News of the federal judge’s injunction also ricocheted across the political spectrum, with legislators weighing in on its implications. Democratic Senator Elizabeth Warren, for instance, called on the Biden administration to take swift action in appealing the ruling.
“One Trump-appointed judge in Texas thinks he knows better than decades of scientific evidence and ruled to block access to medication abortion nationwide,” she wrote in a Twitter thread.
“We can’t let one right-wing extremist overrule women, their doctors, and the scientists” at the FDA.
Her Democratic colleague, New York Senator Chuck Schumer, warned the ruling “could throw our country into chaos”. He called Kacsmaryk an “extremist” and “activist judge”.

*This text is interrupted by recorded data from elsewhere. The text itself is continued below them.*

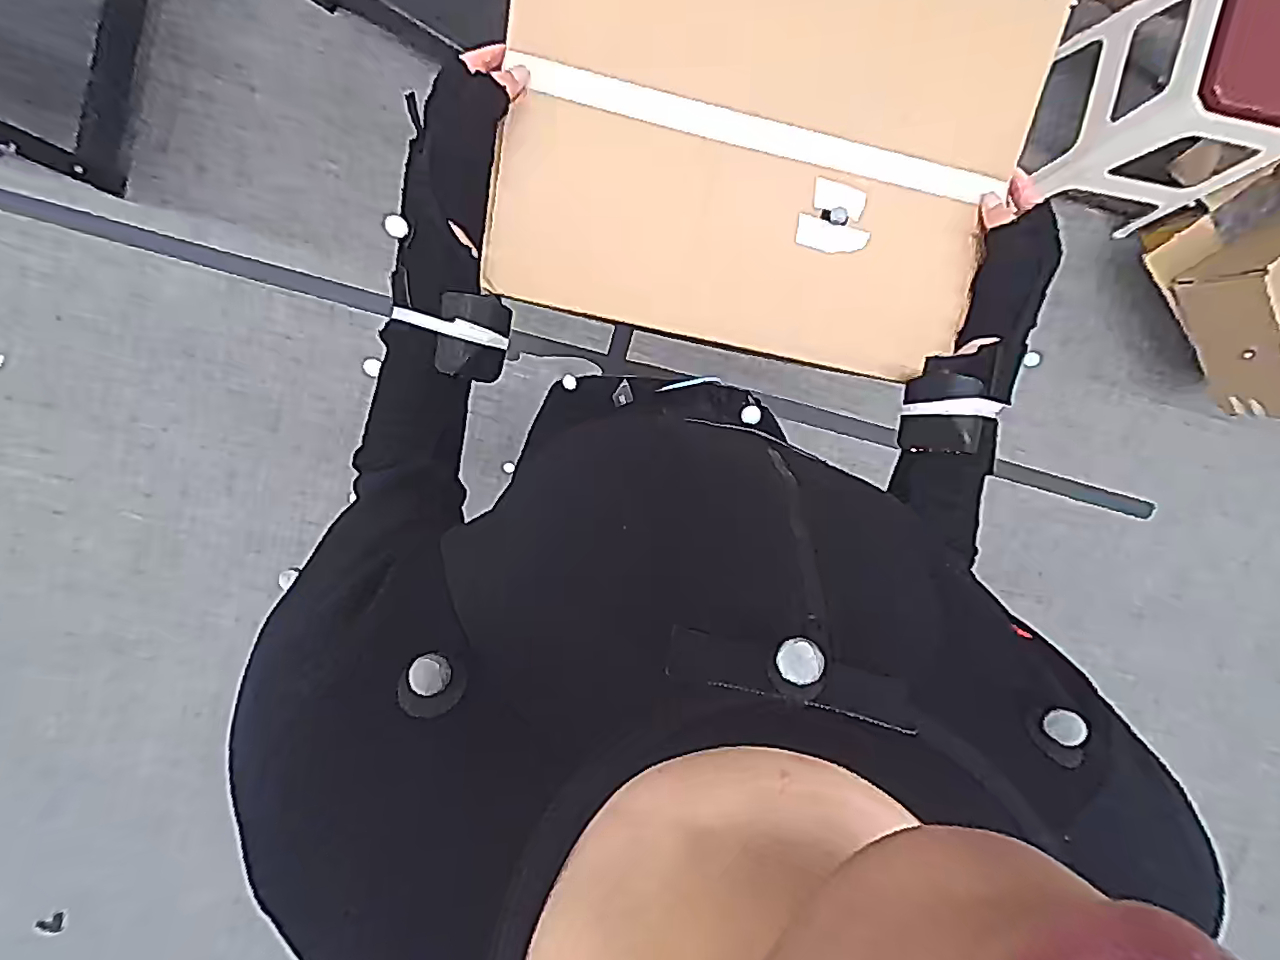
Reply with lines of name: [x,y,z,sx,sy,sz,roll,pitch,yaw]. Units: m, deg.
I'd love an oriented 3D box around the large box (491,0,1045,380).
large box: [0.082,-0.306,0.575,0.408,0.320,0.320,10,105,-8]
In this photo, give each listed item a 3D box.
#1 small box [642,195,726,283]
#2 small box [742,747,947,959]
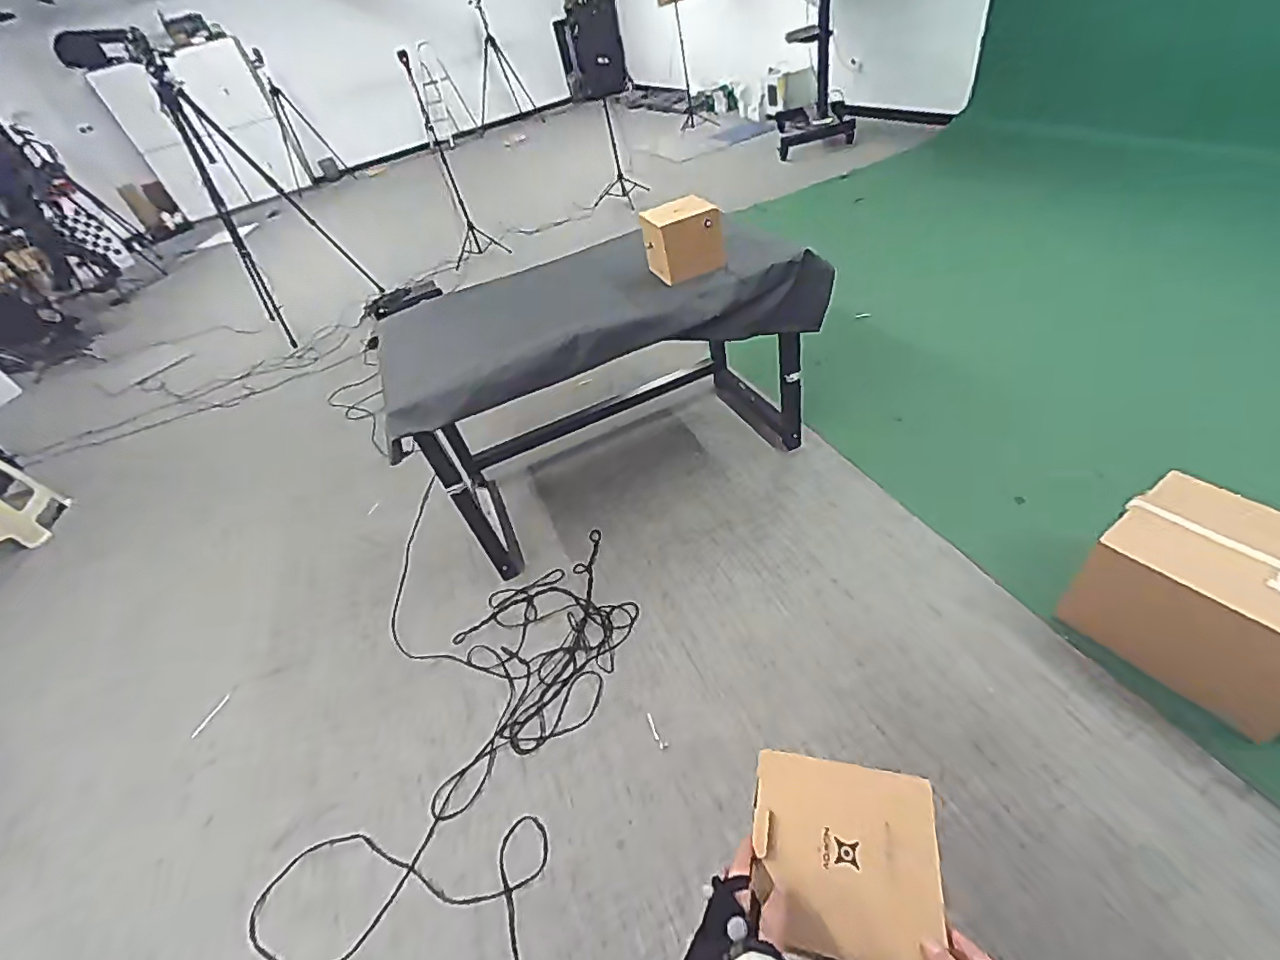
[{"bbox_3d":[0.126,-0.678,1.527,0.179,0.176,0.168,-22,42,-7],"label":"small box"},{"bbox_3d":[0.208,0.413,0.586,0.179,0.176,0.168,3,50,14],"label":"small box"}]
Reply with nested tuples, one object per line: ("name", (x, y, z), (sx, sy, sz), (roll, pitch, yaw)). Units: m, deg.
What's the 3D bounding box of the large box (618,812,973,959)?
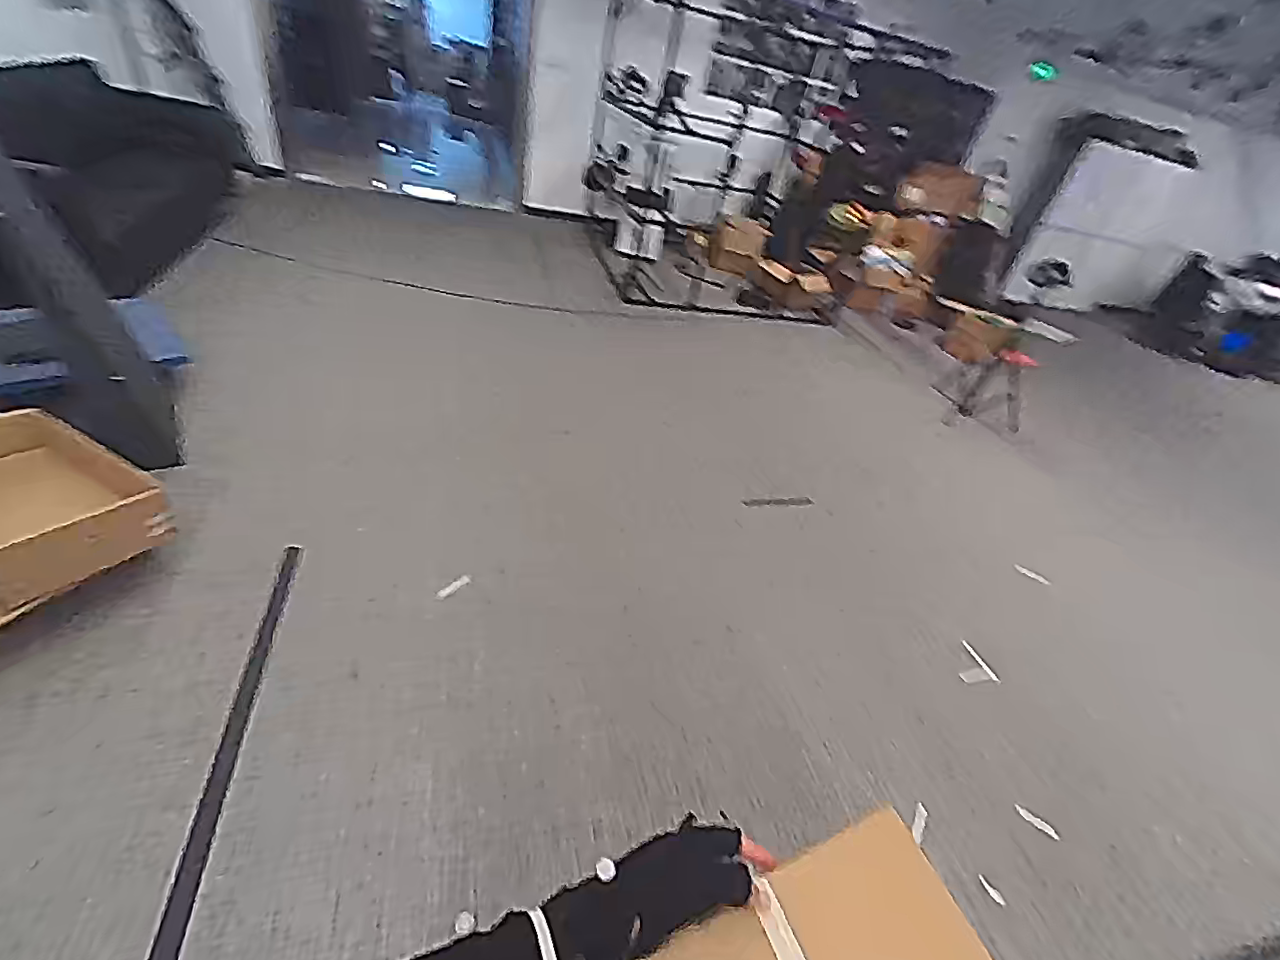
("large box", (0.159, 0.595, 0.467), (0.320, 0.320, 0.408), (-15, 51, -20))
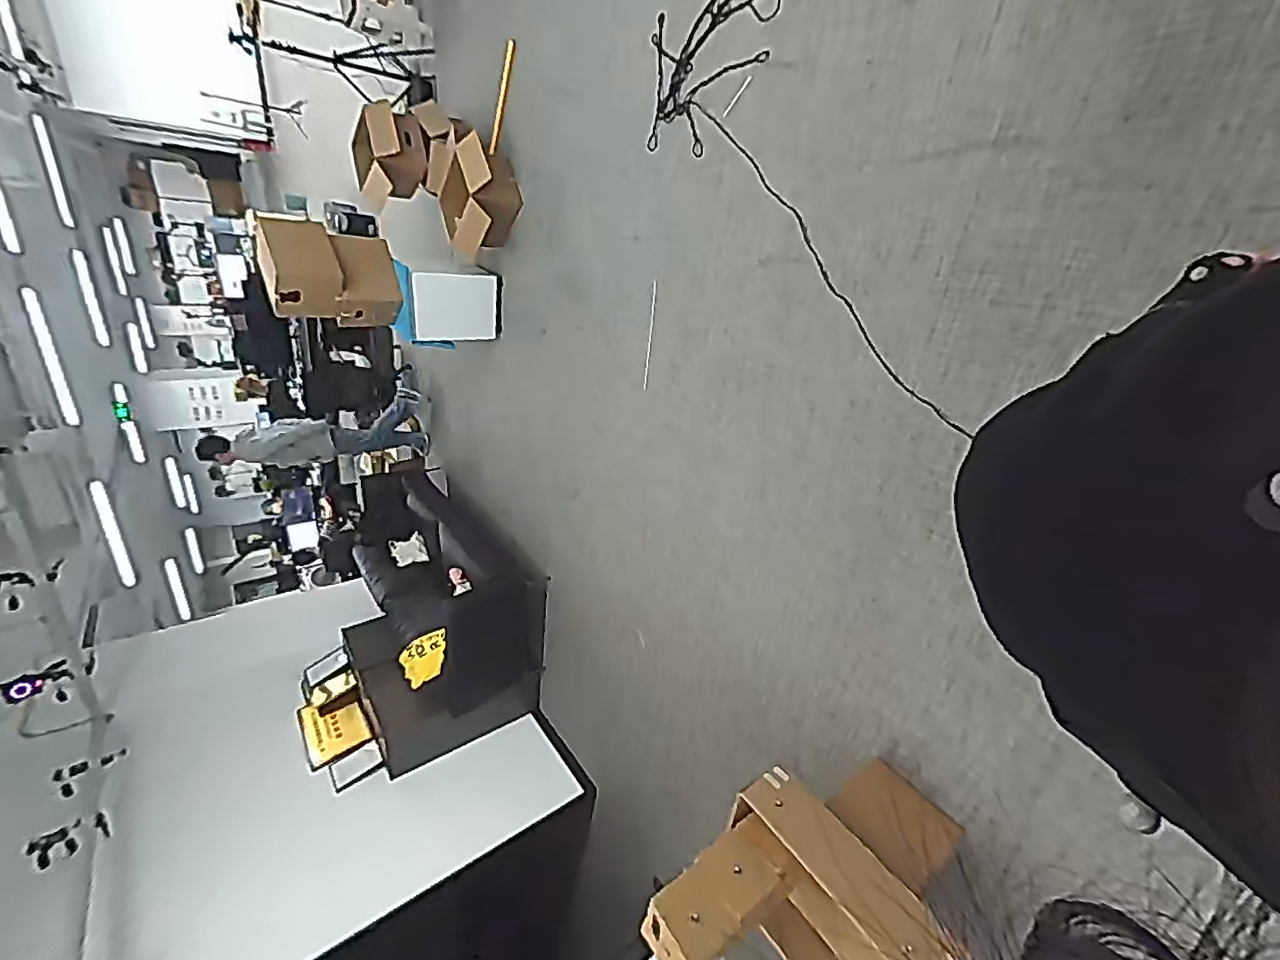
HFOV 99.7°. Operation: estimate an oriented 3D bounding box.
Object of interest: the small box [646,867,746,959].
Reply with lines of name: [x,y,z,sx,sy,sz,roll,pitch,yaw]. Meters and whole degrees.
small box: [0.145,1.159,1.412,0.179,0.176,0.168,38,129,41]
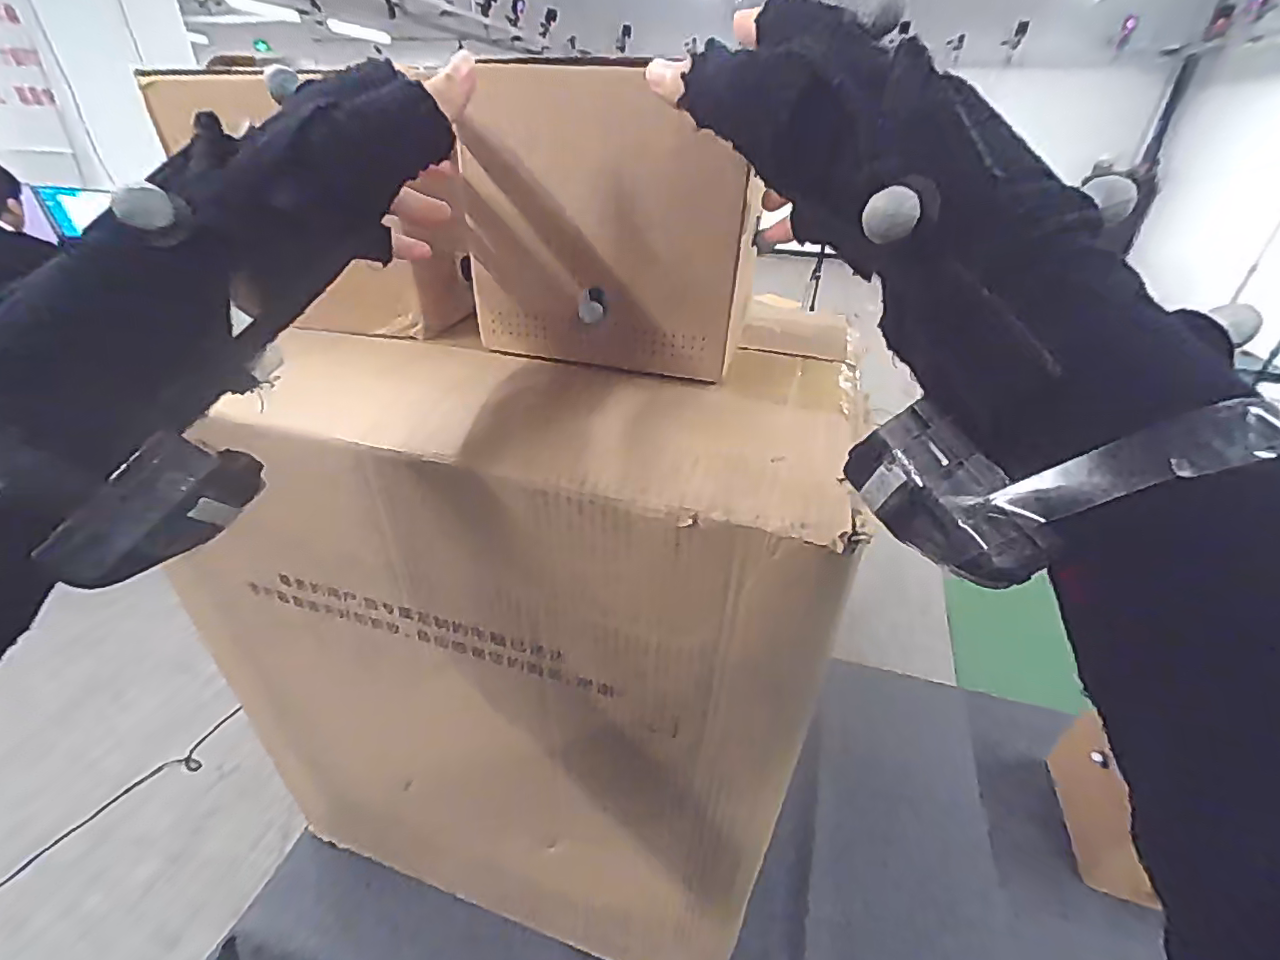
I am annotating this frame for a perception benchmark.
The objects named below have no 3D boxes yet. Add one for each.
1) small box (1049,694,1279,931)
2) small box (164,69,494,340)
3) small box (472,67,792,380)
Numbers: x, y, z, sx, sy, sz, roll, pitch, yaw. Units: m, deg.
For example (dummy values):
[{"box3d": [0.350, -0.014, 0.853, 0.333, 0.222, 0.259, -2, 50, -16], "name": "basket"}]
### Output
[{"box3d": [0.667, 0.418, 0.691, 0.168, 0.176, 0.179, 12, 34, 15], "name": "small box"}, {"box3d": [-0.211, -0.225, 0.444, 0.179, 0.176, 0.168, 9, 37, 10], "name": "small box"}, {"box3d": [0.003, -0.185, 0.397, 0.179, 0.176, 0.168, 11, 33, 11], "name": "small box"}]

Appointed in 2019, Kacsmaryk is seen as a religious conservative sympathetic to right-wing causes. He has ruled that federal programmes that provide contraception to minors without parental consent are unlawful and previously struck down healthcare protections for transgender people.
As the only federal judge in Amarillo for the Northern District of Texas, Kacsmaryk presides over the vast majority of the cases filed there. This makes the city a hot spot for conservative plaintiffs seeking a sympathetic ruling, according to critics.
If Kacsmaryk’s decision on Friday is appealed, the case is expected to go to the 5th Circuit Court of Appeals, which has a conservative majority.
Other lawsuits around the country, meanwhile, are seeking to expand access to mifepristone. Two such lawsuits are under way in West Virginia and North Carolina.
And in February, attorneys general from 12 states, led by Washington and Oregon, filed a lawsuit against the FDA for placing “burdensome” restrictions on mifepristone by including it in the Risk Evaluation and Mitigation Strategies (REMS) programme.
In their lawsuit, the states argue that mifepristone has been used more than 5 million times in the US “with very low rates of complications”.
Already, in January, the FDA loosened REMS restrictions around mifepristone “to reduce burden on the health care delivery system”.
In its guidelines, the FDA warns that medication abortion – like miscarriage and childbirth – can carry a risk of “life-threatening bleeding, infections or other problems”. But it emphasises that mifepristone “is safe when used as indicated”, based on a “thorough and comprehensive review of the scientific evidence”.